European committee not in favor of renewing Translarna’s approval
In US, PTC plans resubmission to FDA, with support from Parent Project MD
A committee of the European Medicines Agency (EMA) has maintained its initial recommendation not to renew the conditional marketing authorization for Translarna (ataluren), PTC Therapeutics’ medication for Duchenne muscular dystrophy (DMD).
The recommendation by the Committee for Medicinal Products for Human Use (CHMP) comes after the company appealed the negative opinion issued in September 2023 on an application to renew or convert the conditional approval to a full approval.
As a result, the medication will be withdrawn from the market. Per EMA regulations, the European Commission is expected to issue a legally binding decision valid across all European Union member states within about two months.
“We are disappointed that the CHMP has maintained its negative opinion on the Translarna authorization which will result in the withdrawal of a therapy … that the data support is safe and effective,” Matthew B. Klein, MD, PTC’s CEO, said in a company press release.
Translarna initially conditionally approved in August 2014
Translarna was conditionally approved in August 2014 for patients 5 and older who are able to walk.
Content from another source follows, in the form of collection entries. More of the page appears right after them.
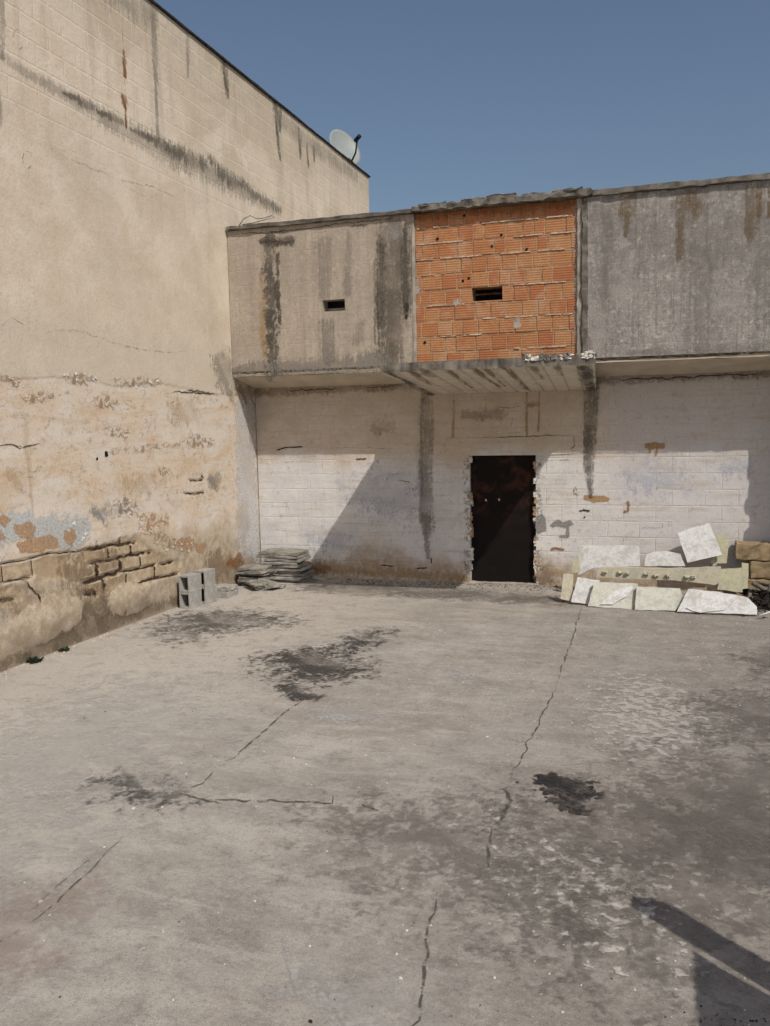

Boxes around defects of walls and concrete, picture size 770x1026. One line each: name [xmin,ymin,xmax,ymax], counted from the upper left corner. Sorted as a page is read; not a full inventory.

water stain [142,14,187,162]
peeling [1,376,60,403]
peeling [63,373,97,385]
water stain [208,234,434,580]
water stain [445,367,529,390]
peeling [96,427,215,460]
water stain [583,425,597,466]
peeling [0,509,91,553]
peeling [114,497,207,553]
spalling [463,448,500,582]
crack [411,898,437,1026]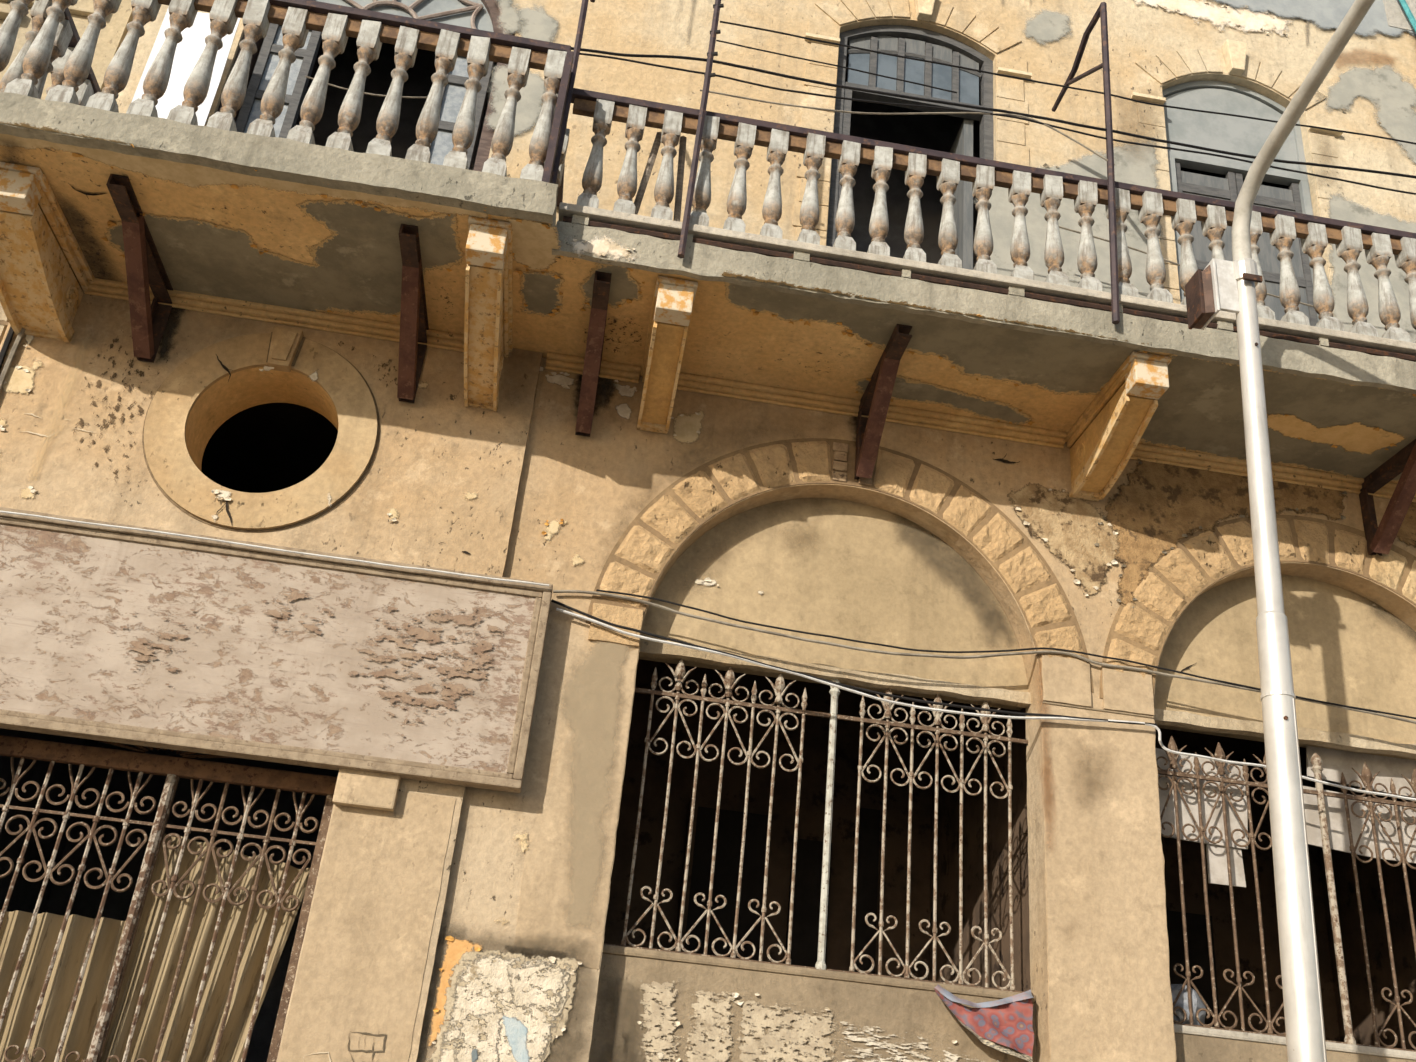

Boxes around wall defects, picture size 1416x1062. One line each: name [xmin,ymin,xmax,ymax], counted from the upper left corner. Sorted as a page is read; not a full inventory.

flaking render [1134,0,1292,36]
peeling [0,122,645,352]
rust [563,216,1188,324]
rust [1259,330,1416,362]
flaking render [1007,354,1250,608]
peeling [1263,369,1416,520]
peeling [429,936,482,1046]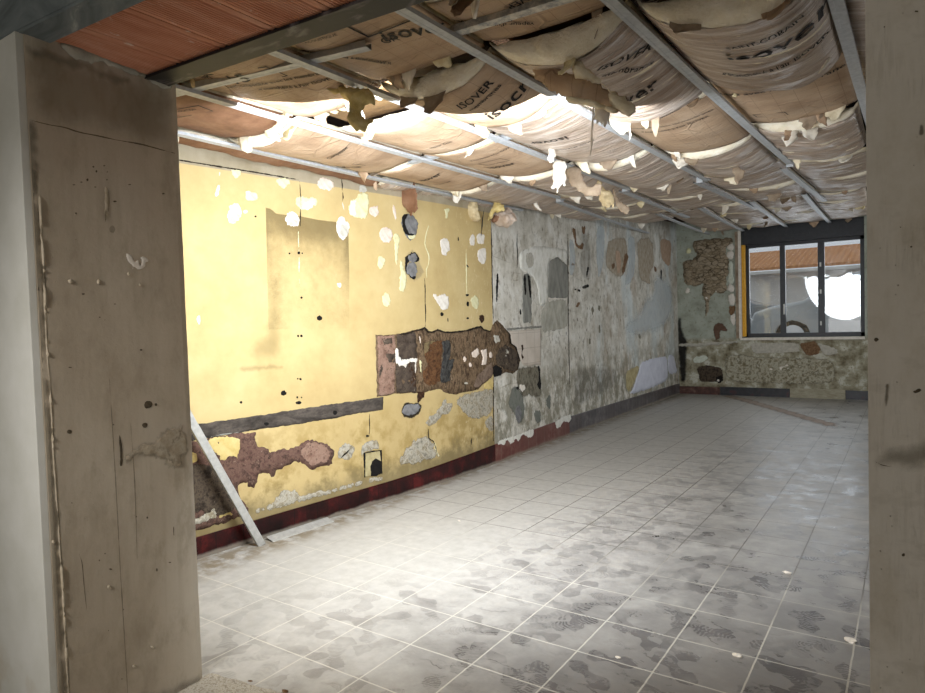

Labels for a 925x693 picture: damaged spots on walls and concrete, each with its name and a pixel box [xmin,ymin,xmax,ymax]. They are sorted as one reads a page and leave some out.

peeling [285,196,317,227]
peeling [336,185,379,240]
peeling [379,227,393,243]
peeling [440,233,486,264]
spalling [520,257,580,333]
spalling [606,238,671,284]
spalling [682,238,734,316]
spalling [800,341,820,356]
spalling [375,294,524,465]
peeling [498,429,534,445]
spalling [119,425,383,530]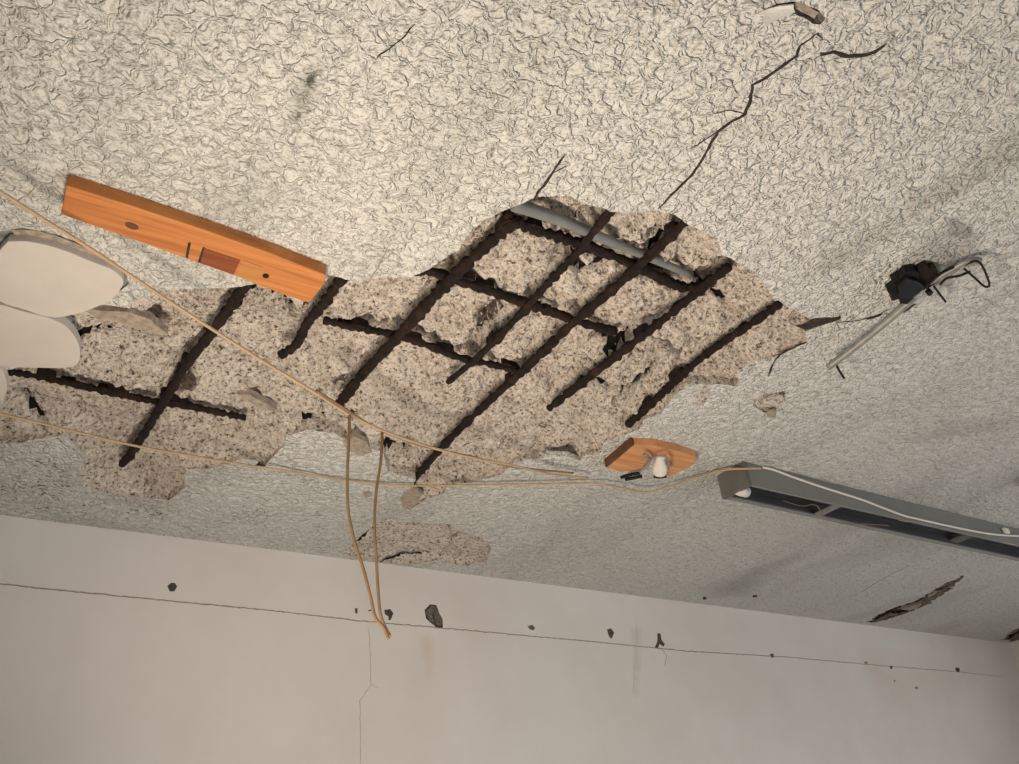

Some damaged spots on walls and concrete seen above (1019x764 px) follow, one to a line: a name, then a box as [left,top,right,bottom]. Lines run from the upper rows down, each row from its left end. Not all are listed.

crack [533,154,566,200]
crack [658,33,887,209]
spalling [0,196,841,566]
crack [0,583,1001,762]
spalling [1001,628,1019,642]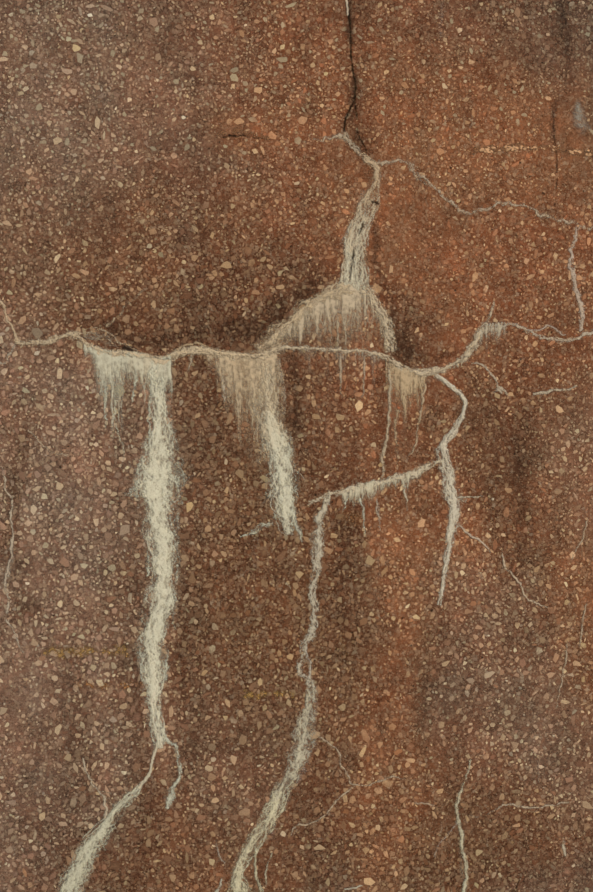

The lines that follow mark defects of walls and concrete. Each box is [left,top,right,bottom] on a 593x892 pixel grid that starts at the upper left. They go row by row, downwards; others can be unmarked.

crack [0,0,593,395]
crack [2,467,24,653]
water stain [60,337,185,892]
water stain [207,153,490,892]
crack [502,553,546,607]
crack [556,604,587,708]
crack [291,737,399,835]
crack [494,802,568,811]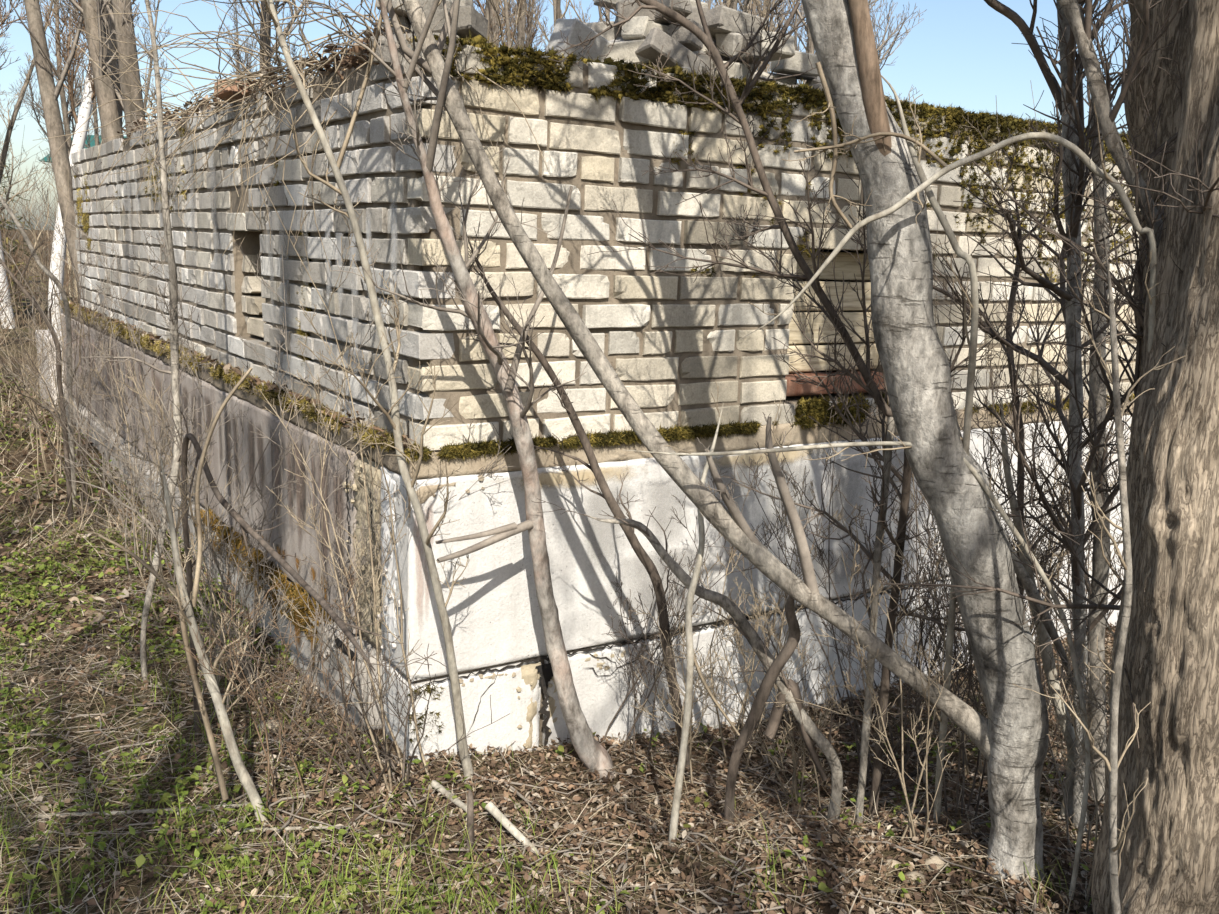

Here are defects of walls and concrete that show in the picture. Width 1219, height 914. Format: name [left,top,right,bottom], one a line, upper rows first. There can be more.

damp [66,332,342,568]
spalling [459,660,558,750]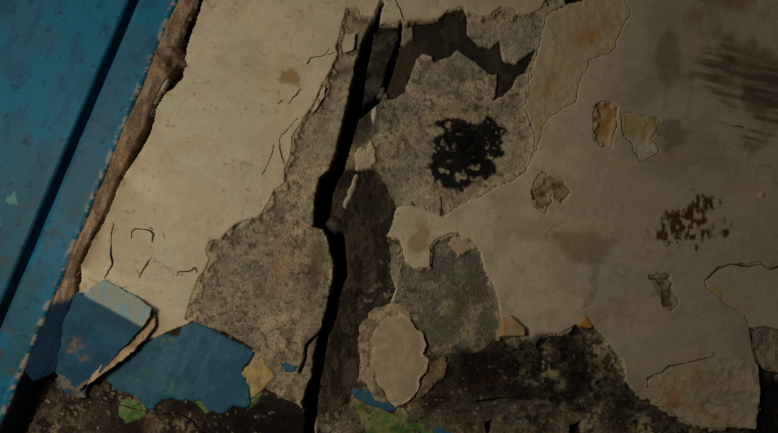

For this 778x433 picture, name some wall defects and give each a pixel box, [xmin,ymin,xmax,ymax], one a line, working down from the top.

crack [184,0,203,43]
crack [153,80,175,119]
crack [262,122,294,174]
mould [427,108,506,192]
crack [104,222,165,278]
spalling [27,8,375,433]
crack [299,0,404,433]
spalling [317,0,778,433]
rust [657,195,729,250]
mould [501,336,544,376]
mould [507,360,602,410]
damp [747,368,778,433]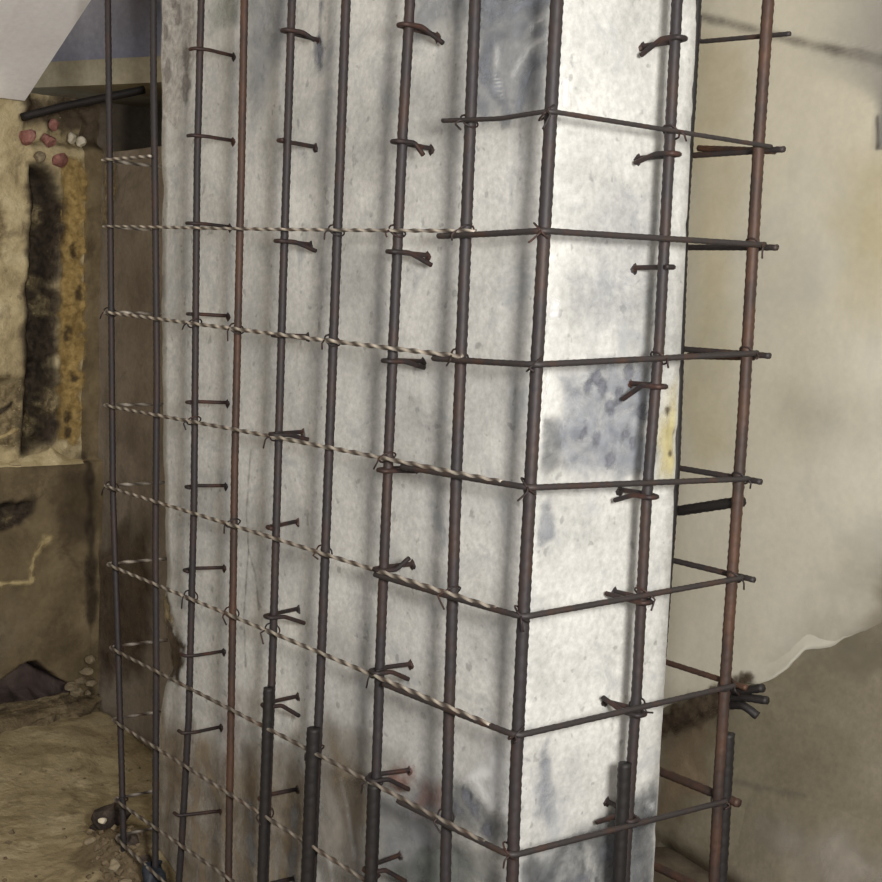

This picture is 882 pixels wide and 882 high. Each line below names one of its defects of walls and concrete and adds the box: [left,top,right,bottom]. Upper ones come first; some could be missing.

spalling [0,158,87,455]
damp [543,364,650,471]
damp [522,841,585,882]
damp [594,813,615,881]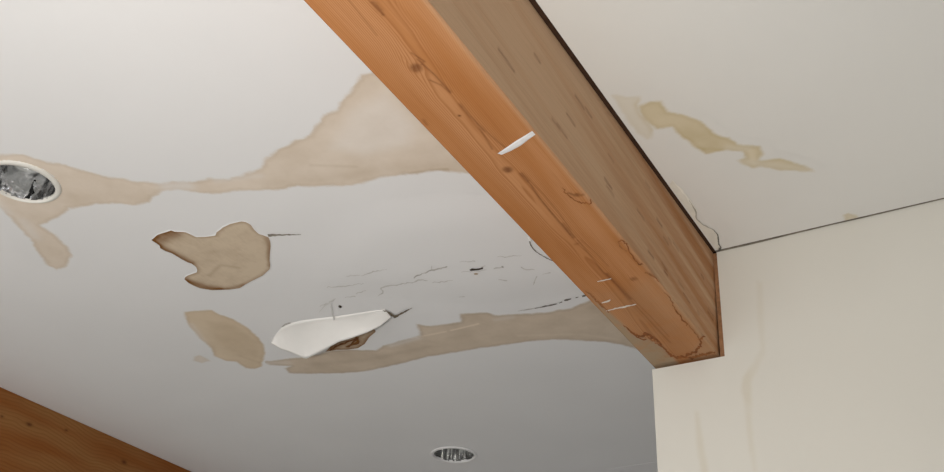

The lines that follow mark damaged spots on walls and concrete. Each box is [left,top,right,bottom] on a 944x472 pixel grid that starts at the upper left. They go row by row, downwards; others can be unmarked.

water stain [602,87,828,179]
water stain [0,65,475,274]
peeling [150,220,301,290]
peeling [271,299,411,359]
crack [321,237,552,306]
water stain [176,290,715,377]
crack [520,295,586,311]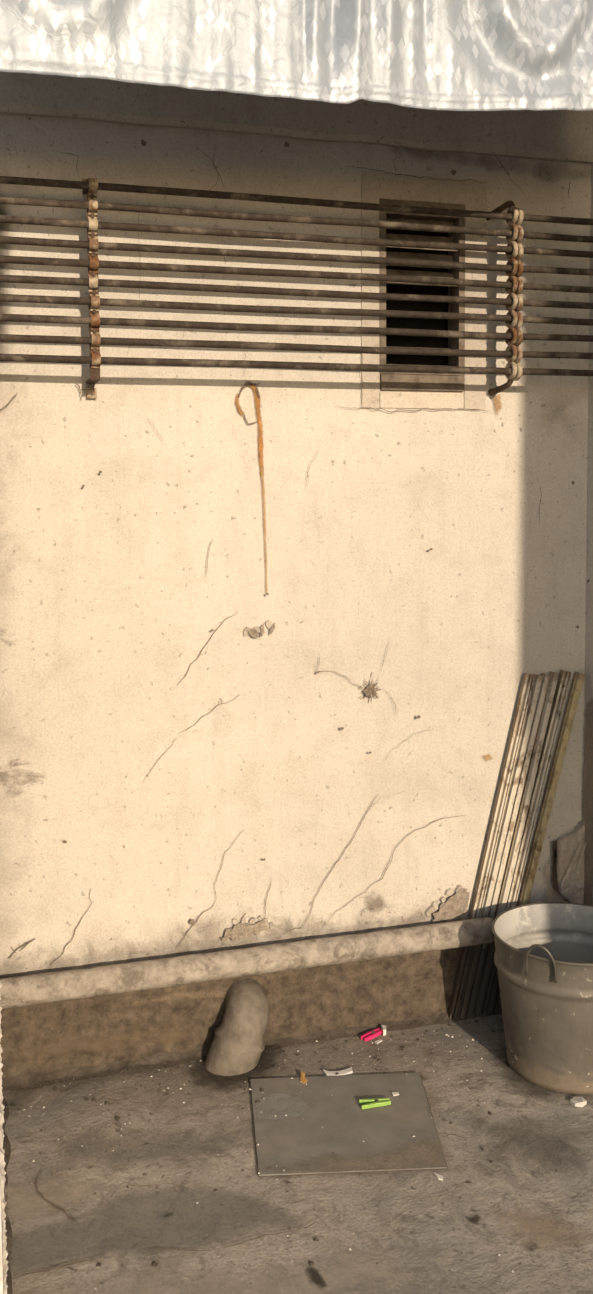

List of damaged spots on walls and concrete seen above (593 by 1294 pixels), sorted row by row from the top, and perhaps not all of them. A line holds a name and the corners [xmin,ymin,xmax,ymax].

Its label was later expanded to include patients as young as 2. The medicine is intended for use in a group of patients whose DMD is caused by a nonsense mutation that produces a shortened, faulty version of dystrophin that cannot function normally.
Dystrophin is a protein that helps to protect muscles from damage as they repeatedly contract and relax. When dystrophin is faulty or absent, muscles become damaged. Translarna works by enabling a cell’s molecular machinery to move past the mutation, allowing the cell to produce a working version of the protein.
CHMP’s negative opinion was based on data that included a Phase 3 clinical trial called Study 041 (NCT03179631), carried out as a specific post-authorization obligation, as well as an ongoing real-world patient registry (NCT02369731) that is running as part of STRIDE.
“The CHMP’s decision, which is against the stated wishes of the patient community and expert physicians, will be devastating for children and young men in Europe for whom no other disease-modifying therapies are available,” Klein said.
Study 041 included boys 5 and older whose DMD was caused by a nonsense mutation. Results failed to show the therapy was effective in boys with a progressive decline in their walking ability, who were expected to benefit more from Translarna treatment compared to other boys in the study, according to the EMA.
The CHMP’s decision, which is against the stated wishes of the patient community and expert physicians, will be devastating for children and young men in Europe for whom no other disease-modifying therapies are available.
Patients from the STRIDE registry, who had been treated with Translarna for an average of more than 5.5 years, lost their ability to walk about 3.5 years later than patients who had not received the medicine. However, the committee could not draw conclusions from these data due a number of issues with the data, such as how differences in the use of steroids were taken into account in the analysis.
The EMA stated the CHMP’s re-examination had input from experts in neurology, patient representatives, families, individual physicians, patients, and healthcare professional organizations. Overall, the agency said, its committee concluded that Translarna’s benefit did not outweigh its risk.
In the U.S., a meeting about the contents of a potential new drug application for Translarna is scheduled for the first quarter of 2024. PTC’s application was rejected in 2017, but the company is planning on a resubmission, according to Parent Project Muscular Dystrophy.
In a press release, Parent Project MD states it has sent a letter to the U.S. Food and Drug Administration asking it to accept the resubmission and to conduct a full review of Translarna.